Капитана Немченса нельзя было назвать впечатлительным, однако, стоя сейчас перед доктором, он готов был поверить, что черты его и выражение лица претерпели едва заметные и самые неприглядные изменения с тех пор, как он в последний раз видел лекаря. Казалось, будто теперь того освещал некий призрачный зеленый свет — таков уродливый и зловещий эффект, который Закон коварным образом оказывает на внешность, — свет, исходящий от самого слова убийство.
— Нет уж, благодарю, — буркнул он недовольным тоном. — Я не сажусь за стол с такими, как вы.
Доктор самым внимательным образом поглядел на него, приподнял брови и сухо возразил:
— Насколько я помню, в последнее время вы не раз садились за этот самый стол.
Капитан фыркнул и громко провозгласил:
— Эндимион Лер!

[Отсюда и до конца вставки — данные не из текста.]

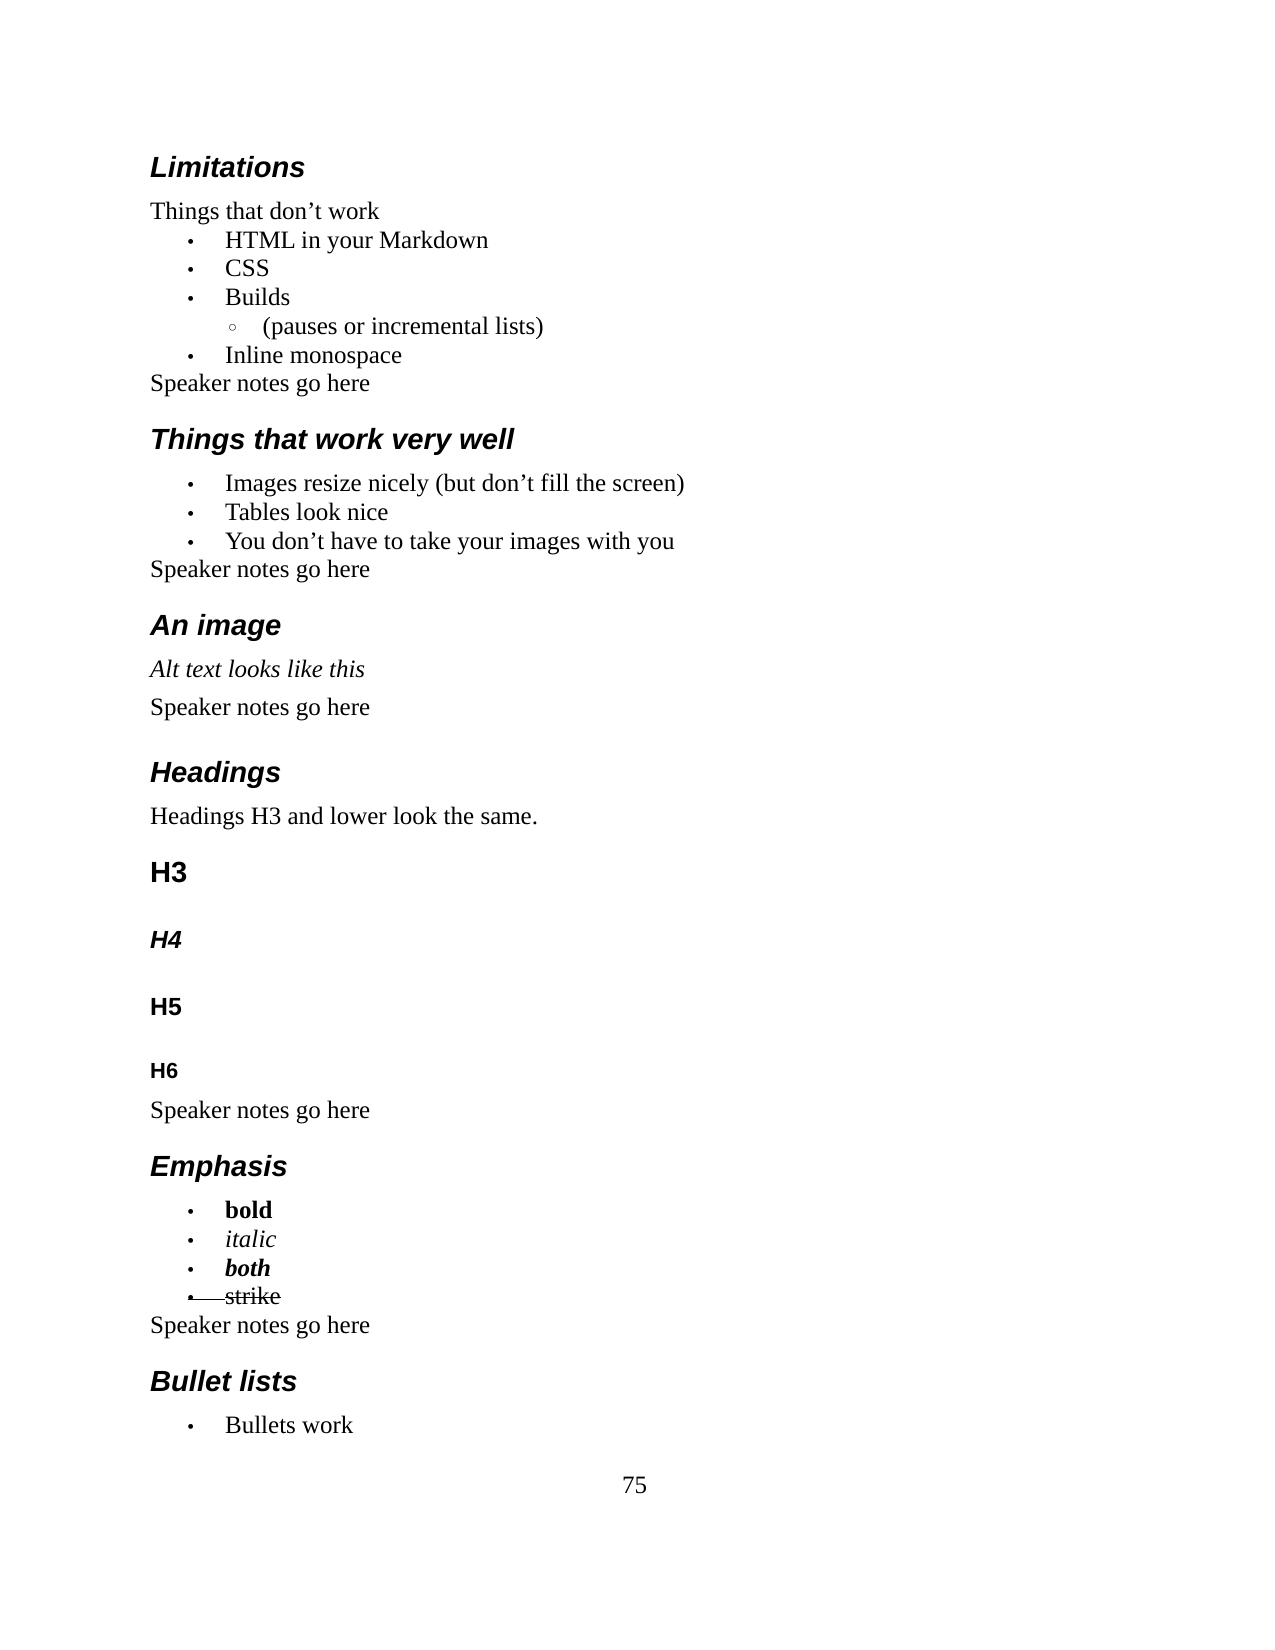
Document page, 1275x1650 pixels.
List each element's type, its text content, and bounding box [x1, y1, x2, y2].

Вы арестованы именем страны Доримарской, и дабы мертвые, живые и еще не рожденные могли спокойно почивать в своих могилах, постелях и материнском чреве.
— Пустые слова и профессиональный жаргон! — раздраженно воскликнул доктор. — Что за игру вы со мной затеяли, Немченс?
— По-вашему, убийство это игра? — спросил капитан.
Доктор побледнел, и тогда Немченс добавил:
— Вы обвиняетесь в убийстве покойного фермера Тарабара.
Слова эти подействовали на Эндимиона Лера, как заклинание. Казалось, с его лица соскользнула лукавая, ироническая и птицеподобная маска.
Бледный как мел он замер в молчании, а потом возопил:
— Измена! Измена! Молчаливый народ предал меня! Плохо тому, кто служит вероломному господину!